After the initial submission, the scheduler starts to monitor all the tasks in the flow.
When the ScfTask completes, the dependency of the NscfTask is fullfilled and
a new submission takes place. Once the second task completes, the scheduler calls flow.finalize
to execute (optional) logic that is supposed to be executed to perform some sort of cleanup or final processing.
At this point, all the tasks in the flow are completed and the scheduler exits.
Now we can have a look at the different output files produced by our flow with:
flow[0].get_graphviz_dirtree()
or list only the files with a given extension:
flow.listext("GSR.nc")
Found 2 files with extension `GSR.nc` produced by the flow
File Size [Mb] Node_ID Node Class
---------------------------------------------------------- ----------- --------- ------------
../../../../../../tmp/hello_bands/w0/t0/outdata/out_GSR.nc 9.63 239 ScfTask
../../../../../../tmp/hello_bands/w0/t1/outdata/out_GSR.nc 9.62 240 NscfTask
The nice thing about the flow is that the object knows how to locate and interpret the different input/ouput files produced by Abinit. As a consequence, it is very easy to expose the AbiPy post-processing tools with a easy-to-use API in which only tasks/works/flow plus a very few input arguments are required.

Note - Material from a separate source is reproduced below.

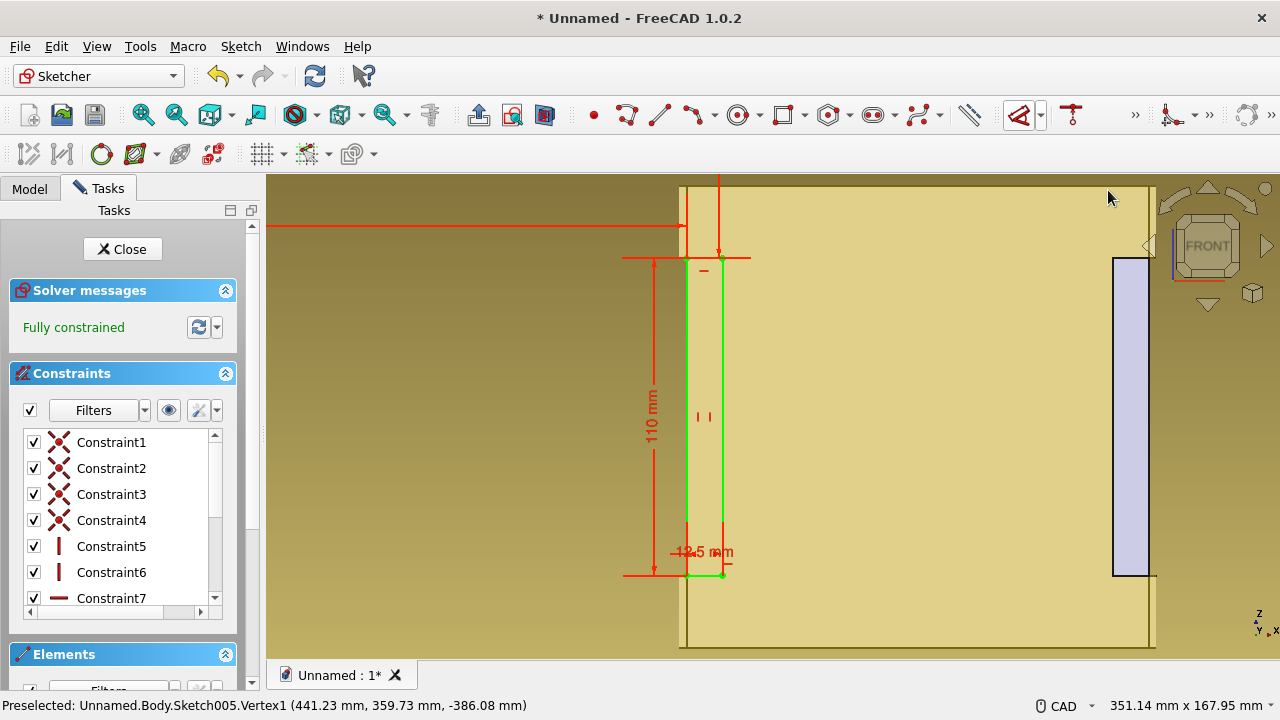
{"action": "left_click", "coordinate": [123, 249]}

Let’s call, for instance, the inspect method to plot the self-consistent cycles:
flow.inspect(tight_layout=True);
Task <NscfTask, node_id=240, workdir=../../../../../../tmp/hello_bands/w0/t1> does not provide an inspect method
In the other AbiPy tutorials, we have explained how to use abiopen to create python objects from netcdf files. Well, the same code can be reused with the flow. It is just a matter of replacing
with abiopen(filepath) as gsr:
with
with task.open_gsr() as gsr:
Note that there is no need to specify the file path when you use the task-based API, because
the Task
knows how to locate its GSR.nc
output.
Let’s do some practice…
with flow[0][0].open_gsr() as gsr:
ebands_kmesh = gsr.ebands
with flow[0][1].open_gsr() as gsr:
gsr.ebands.plotly_with_edos(ebands_kmesh.get_edos(), with_gaps=True);
More on Works, Tasks and dependencies#
In the previous example, we have constructed a workflow for band structure calculations starting from two input files and the magic line
flow = flowtk.bandstructure_flow(workdir, scf_input, nscf_input)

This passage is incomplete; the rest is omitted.